Outside the courtroom, the W&J emphasised that they had struck down Adani’s proposed ILUA on three separate occasions during bona fide meetings of the claim group. After the W&J family council first formally rejected Adani’s ILUA in March 2015, they took a Defence of Country Declaration which stated their rights as indigenous people under the UNDRIP [United Nations Declaration on the Rights of Indigenous Peoples] to the Queensland Parliament.

Adrian Burragubba’s ‘Adani, No means No’ slogan grew to become the headline for a sustained indigenous land rights movement to stop Australia’s largest coalmine. Not only were the W&J opponents opposed to coalmining on their ancestral lands, they were concerned about the nature and the adequacy of the benefits, particularly jobs that the company had proposed. A W&J commissioned economic assessment of the ILUA found the proposed compensations to be less than half the industry average.
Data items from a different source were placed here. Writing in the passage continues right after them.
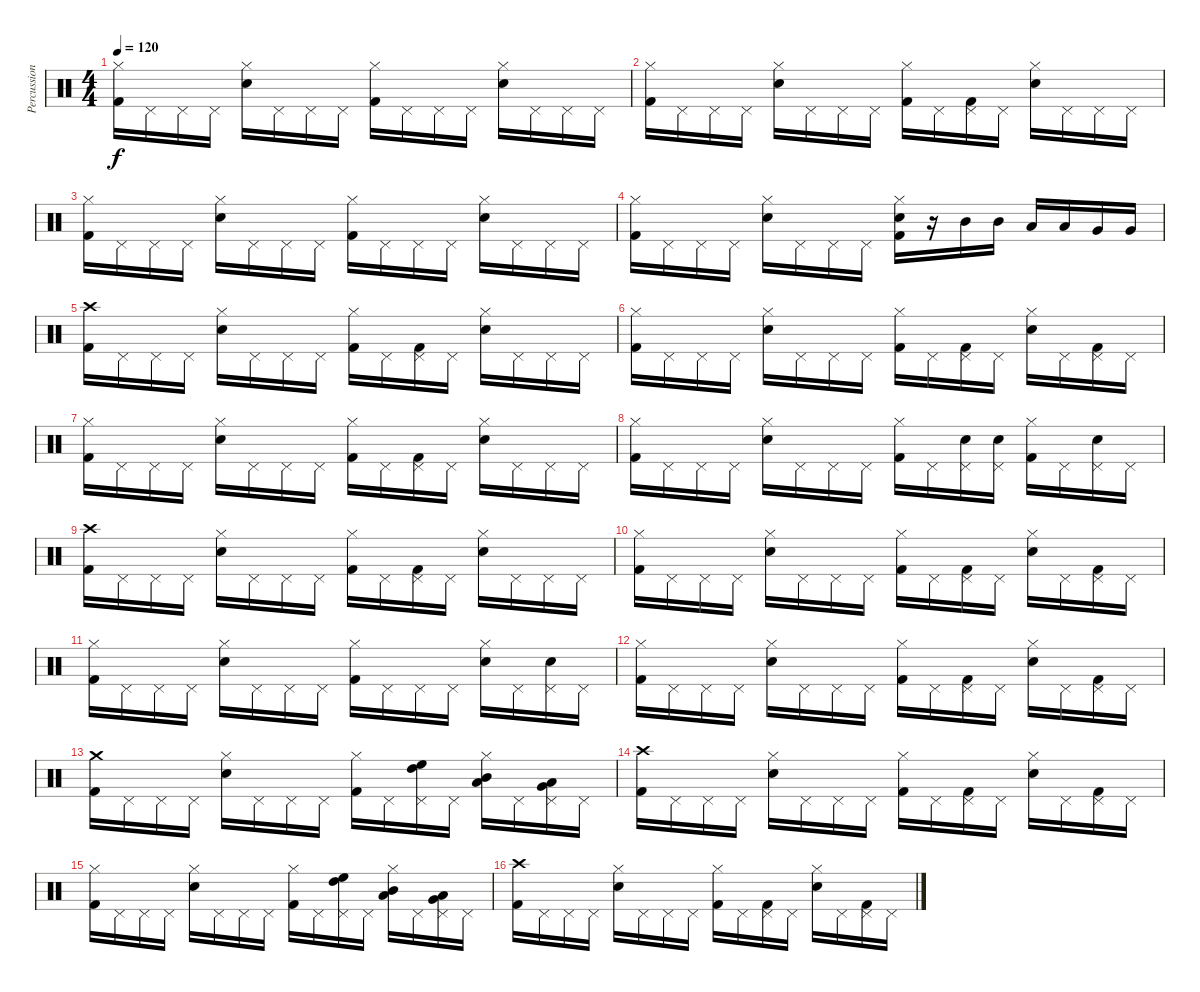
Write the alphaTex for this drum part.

\track ("Percussion" "Percussion") {instrument percussion}
\staff {score}
\articulation defaults
\ts (4 4)
\tempo 120
\clef neutral
\ks c
("Hi-Hat (closed)" "Kick (hit) 2").16{dy f} "Pedal Hi-Hat (hit)".16 "Pedal Hi-Hat (hit)".16 "Pedal Hi-Hat (hit)".16 ("Hi-Hat (closed)" "Electric Snare (hit)").16 "Pedal Hi-Hat (hit)".16 "Pedal Hi-Hat (hit)".16 "Pedal Hi-Hat (hit)".16 ("Hi-Hat (closed)" "Kick (hit) 2").16 "Pedal Hi-Hat (hit)".16 "Pedal Hi-Hat (hit)".16 "Pedal Hi-Hat (hit)".16 ("Hi-Hat (closed)" "Electric Snare (hit)").16 "Pedal Hi-Hat (hit)".16 "Pedal Hi-Hat (hit)".16 "Pedal Hi-Hat (hit)".16 |
("Hi-Hat (closed)" "Kick (hit) 2").16 "Pedal Hi-Hat (hit)".16 "Pedal Hi-Hat (hit)".16 "Pedal Hi-Hat (hit)".16 ("Hi-Hat (closed)" "Electric Snare (hit)").16 "Pedal Hi-Hat (hit)".16 "Pedal Hi-Hat (hit)".16 "Pedal Hi-Hat (hit)".16 ("Hi-Hat (closed)" "Kick (hit) 2").16 "Pedal Hi-Hat (hit)".16 ("Pedal Hi-Hat (hit)" "Kick (hit) 2").16 "Pedal Hi-Hat (hit)".16 ("Hi-Hat (closed)" "Electric Snare (hit)").16 "Pedal Hi-Hat (hit)".16 "Pedal Hi-Hat (hit)".16 "Pedal Hi-Hat (hit)".16 |
("Hi-Hat (closed)" "Kick (hit) 2").16 "Pedal Hi-Hat (hit)".16 "Pedal Hi-Hat (hit)".16 "Pedal Hi-Hat (hit)".16 ("Hi-Hat (closed)" "Electric Snare (hit)").16 "Pedal Hi-Hat (hit)".16 "Pedal Hi-Hat (hit)".16 "Pedal Hi-Hat (hit)".16 ("Hi-Hat (closed)" "Kick (hit) 2").16 "Pedal Hi-Hat (hit)".16 "Pedal Hi-Hat (hit)".16 "Pedal Hi-Hat (hit)".16 ("Hi-Hat (closed)" "Electric Snare (hit)").16 "Pedal Hi-Hat (hit)".16 "Pedal Hi-Hat (hit)".16 "Pedal Hi-Hat (hit)".16 |
("Hi-Hat (closed)" "Kick (hit) 2").16 "Pedal Hi-Hat (hit)".16 "Pedal Hi-Hat (hit)".16 "Pedal Hi-Hat (hit)".16 ("Hi-Hat (closed)" "Electric Snare (hit)").16 "Pedal Hi-Hat (hit)".16 "Pedal Hi-Hat (hit)".16 "Pedal Hi-Hat (hit)".16 ("Hi-Hat (closed)" "Electric Snare (hit)" "Kick (hit) 2").16 r.16 "Mid Tom (hit)".16 "Mid Tom (hit)".16 "Low Tom (hit)".16 "Low Tom (hit)".16 "Very Low Tom (hit)".16 "Very Low Tom (hit)".16 |
("Crash high (hit)" "Kick (hit) 2").16 "Pedal Hi-Hat (hit)".16 "Pedal Hi-Hat (hit)".16 "Pedal Hi-Hat (hit)".16 ("Hi-Hat (closed)" "Electric Snare (hit)").16 "Pedal Hi-Hat (hit)".16 "Pedal Hi-Hat (hit)".16 "Pedal Hi-Hat (hit)".16 ("Hi-Hat (closed)" "Kick (hit) 2").16 "Pedal Hi-Hat (hit)".16 ("Pedal Hi-Hat (hit)" "Kick (hit) 2").16 "Pedal Hi-Hat (hit)".16 ("Hi-Hat (closed)" "Electric Snare (hit)").16 "Pedal Hi-Hat (hit)".16 "Pedal Hi-Hat (hit)".16 "Pedal Hi-Hat (hit)".16 |
("Hi-Hat (closed)" "Kick (hit) 2").16 "Pedal Hi-Hat (hit)".16 "Pedal Hi-Hat (hit)".16 "Pedal Hi-Hat (hit)".16 ("Hi-Hat (closed)" "Electric Snare (hit)").16 "Pedal Hi-Hat (hit)".16 "Pedal Hi-Hat (hit)".16 "Pedal Hi-Hat (hit)".16 ("Hi-Hat (closed)" "Kick (hit) 2").16 "Pedal Hi-Hat (hit)".16 ("Pedal Hi-Hat (hit)" "Kick (hit) 2").16 "Pedal Hi-Hat (hit)".16 ("Hi-Hat (closed)" "Electric Snare (hit)").16 "Pedal Hi-Hat (hit)".16 ("Pedal Hi-Hat (hit)" "Kick (hit) 2").16 "Pedal Hi-Hat (hit)".16 |
("Hi-Hat (closed)" "Kick (hit) 2").16 "Pedal Hi-Hat (hit)".16 "Pedal Hi-Hat (hit)".16 "Pedal Hi-Hat (hit)".16 ("Hi-Hat (closed)" "Electric Snare (hit)").16 "Pedal Hi-Hat (hit)".16 "Pedal Hi-Hat (hit)".16 "Pedal Hi-Hat (hit)".16 ("Hi-Hat (closed)" "Kick (hit) 2").16 "Pedal Hi-Hat (hit)".16 ("Pedal Hi-Hat (hit)" "Kick (hit) 2").16 "Pedal Hi-Hat (hit)".16 ("Hi-Hat (closed)" "Electric Snare (hit)").16 "Pedal Hi-Hat (hit)".16 "Pedal Hi-Hat (hit)".16 "Pedal Hi-Hat (hit)".16 |
("Hi-Hat (closed)" "Kick (hit) 2").16 "Pedal Hi-Hat (hit)".16 "Pedal Hi-Hat (hit)".16 "Pedal Hi-Hat (hit)".16 ("Hi-Hat (closed)" "Electric Snare (hit)").16 "Pedal Hi-Hat (hit)".16 "Pedal Hi-Hat (hit)".16 "Pedal Hi-Hat (hit)".16 ("Hi-Hat (closed)" "Kick (hit) 2").16 "Pedal Hi-Hat (hit)".16 ("Pedal Hi-Hat (hit)" "Electric Snare (hit)").16 ("Pedal Hi-Hat (hit)" "Electric Snare (hit)").16 ("Hi-Hat (closed)" "Kick (hit) 2").16 "Pedal Hi-Hat (hit)".16 ("Pedal Hi-Hat (hit)" "Electric Snare (hit)").16 "Pedal Hi-Hat (hit)".16 |
("Crash high (hit)" "Kick (hit) 2").16 "Pedal Hi-Hat (hit)".16 "Pedal Hi-Hat (hit)".16 "Pedal Hi-Hat (hit)".16 ("Hi-Hat (closed)" "Electric Snare (hit)").16 "Pedal Hi-Hat (hit)".16 "Pedal Hi-Hat (hit)".16 "Pedal Hi-Hat (hit)".16 ("Hi-Hat (closed)" "Kick (hit) 2").16 "Pedal Hi-Hat (hit)".16 ("Pedal Hi-Hat (hit)" "Kick (hit) 2").16 "Pedal Hi-Hat (hit)".16 ("Hi-Hat (closed)" "Electric Snare (hit)").16 "Pedal Hi-Hat (hit)".16 "Pedal Hi-Hat (hit)".16 "Pedal Hi-Hat (hit)".16 |
("Hi-Hat (closed)" "Kick (hit) 2").16 "Pedal Hi-Hat (hit)".16 "Pedal Hi-Hat (hit)".16 "Pedal Hi-Hat (hit)".16 ("Hi-Hat (closed)" "Electric Snare (hit)").16 "Pedal Hi-Hat (hit)".16 "Pedal Hi-Hat (hit)".16 "Pedal Hi-Hat (hit)".16 ("Hi-Hat (closed)" "Kick (hit) 2").16 "Pedal Hi-Hat (hit)".16 ("Pedal Hi-Hat (hit)" "Kick (hit) 2").16 "Pedal Hi-Hat (hit)".16 ("Hi-Hat (closed)" "Electric Snare (hit)").16 "Pedal Hi-Hat (hit)".16 ("Pedal Hi-Hat (hit)" "Kick (hit) 2").16 "Pedal Hi-Hat (hit)".16 |
("Hi-Hat (closed)" "Kick (hit) 2").16 "Pedal Hi-Hat (hit)".16 "Pedal Hi-Hat (hit)".16 "Pedal Hi-Hat (hit)".16 ("Hi-Hat (closed)" "Electric Snare (hit)").16 "Pedal Hi-Hat (hit)".16 "Pedal Hi-Hat (hit)".16 "Pedal Hi-Hat (hit)".16 ("Hi-Hat (closed)" "Kick (hit) 2").16 "Pedal Hi-Hat (hit)".16 "Pedal Hi-Hat (hit)".16 "Pedal Hi-Hat (hit)".16 ("Hi-Hat (closed)" "Electric Snare (hit)").16 "Pedal Hi-Hat (hit)".16 ("Pedal Hi-Hat (hit)" "Electric Snare (hit)").16 "Pedal Hi-Hat (hit)".16 |
("Hi-Hat (closed)" "Kick (hit) 2").16 "Pedal Hi-Hat (hit)".16 "Pedal Hi-Hat (hit)".16 "Pedal Hi-Hat (hit)".16 ("Hi-Hat (closed)" "Electric Snare (hit)").16 "Pedal Hi-Hat (hit)".16 "Pedal Hi-Hat (hit)".16 "Pedal Hi-Hat (hit)".16 ("Hi-Hat (closed)" "Kick (hit) 2").16 "Pedal Hi-Hat (hit)".16 ("Pedal Hi-Hat (hit)" "Kick (hit) 2").16 "Pedal Hi-Hat (hit)".16 ("Hi-Hat (closed)" "Electric Snare (hit)").16 "Pedal Hi-Hat (hit)".16 ("Pedal Hi-Hat (hit)" "Kick (hit) 2").16 "Pedal Hi-Hat (hit)".16 |
("Crash medium (hit)" "Kick (hit) 2").16 "Pedal Hi-Hat (hit)".16 "Pedal Hi-Hat (hit)".16 "Pedal Hi-Hat (hit)".16 ("Hi-Hat (closed)" "Electric Snare (hit)").16 "Pedal Hi-Hat (hit)".16 "Pedal Hi-Hat (hit)".16 "Pedal Hi-Hat (hit)".16 ("Hi-Hat (closed)" "Kick (hit) 2").16 "Pedal Hi-Hat (hit)".16 ("Pedal Hi-Hat (hit)" "High Floor Tom (hit)" "High Tom (hit)").16 "Pedal Hi-Hat (hit)".16 ("Hi-Hat (closed)" "Mid Tom (hit)" "Low Tom (hit)").16 "Pedal Hi-Hat (hit)".16 ("Pedal Hi-Hat (hit)" "Very Low Tom (hit)" "Low Floor Tom (hit)").16 "Pedal Hi-Hat (hit)".16 |
("Crash high (hit)" "Kick (hit) 2").16 "Pedal Hi-Hat (hit)".16 "Pedal Hi-Hat (hit)".16 "Pedal Hi-Hat (hit)".16 ("Hi-Hat (closed)" "Electric Snare (hit)").16 "Pedal Hi-Hat (hit)".16 "Pedal Hi-Hat (hit)".16 "Pedal Hi-Hat (hit)".16 ("Hi-Hat (closed)" "Kick (hit) 2").16 "Pedal Hi-Hat (hit)".16 ("Pedal Hi-Hat (hit)" "Kick (hit) 2").16 "Pedal Hi-Hat (hit)".16 ("Hi-Hat (closed)" "Electric Snare (hit)").16 "Pedal Hi-Hat (hit)".16 ("Pedal Hi-Hat (hit)" "Kick (hit) 2").16 "Pedal Hi-Hat (hit)".16 |
("Hi-Hat (closed)" "Kick (hit) 2").16 "Pedal Hi-Hat (hit)".16 "Pedal Hi-Hat (hit)".16 "Pedal Hi-Hat (hit)".16 ("Hi-Hat (closed)" "Electric Snare (hit)").16 "Pedal Hi-Hat (hit)".16 "Pedal Hi-Hat (hit)".16 "Pedal Hi-Hat (hit)".16 ("Hi-Hat (closed)" "Kick (hit) 2").16 "Pedal Hi-Hat (hit)".16 ("Pedal Hi-Hat (hit)" "High Floor Tom (hit)" "High Tom (hit)").16 "Pedal Hi-Hat (hit)".16 ("Hi-Hat (closed)" "Mid Tom (hit)" "Low Tom (hit)").16 "Pedal Hi-Hat (hit)".16 ("Pedal Hi-Hat (hit)" "Very Low Tom (hit)" "Low Floor Tom (hit)").16 "Pedal Hi-Hat (hit)".16 |
("Crash high (hit)" "Kick (hit) 2").16 "Pedal Hi-Hat (hit)".16 "Pedal Hi-Hat (hit)".16 "Pedal Hi-Hat (hit)".16 ("Hi-Hat (closed)" "Electric Snare (hit)").16 "Pedal Hi-Hat (hit)".16 "Pedal Hi-Hat (hit)".16 "Pedal Hi-Hat (hit)".16 ("Hi-Hat (closed)" "Kick (hit) 2").16 "Pedal Hi-Hat (hit)".16 ("Pedal Hi-Hat (hit)" "Kick (hit) 2").16 "Pedal Hi-Hat (hit)".16 ("Hi-Hat (closed)" "Electric Snare (hit)").16 "Pedal Hi-Hat (hit)".16 ("Pedal Hi-Hat (hit)" "Kick (hit) 2").16 "Pedal Hi-Hat (hit)".16

The land use agreement had pegged three quarters of the economic benefits on jobs, raising concerns about its viability in the future given the negative outlook for coal.

At the heart of their ‘No’ lies an understanding of their fundamental right to reject developments that would devastate their legacy, and endanger the future, essentially of free and prior informed consent as they choose to exercise it. Burragubba’s assertion exposes the limitation of Australia’s Native Title Act that does not give indigenous groups the provision to altogether veto mining.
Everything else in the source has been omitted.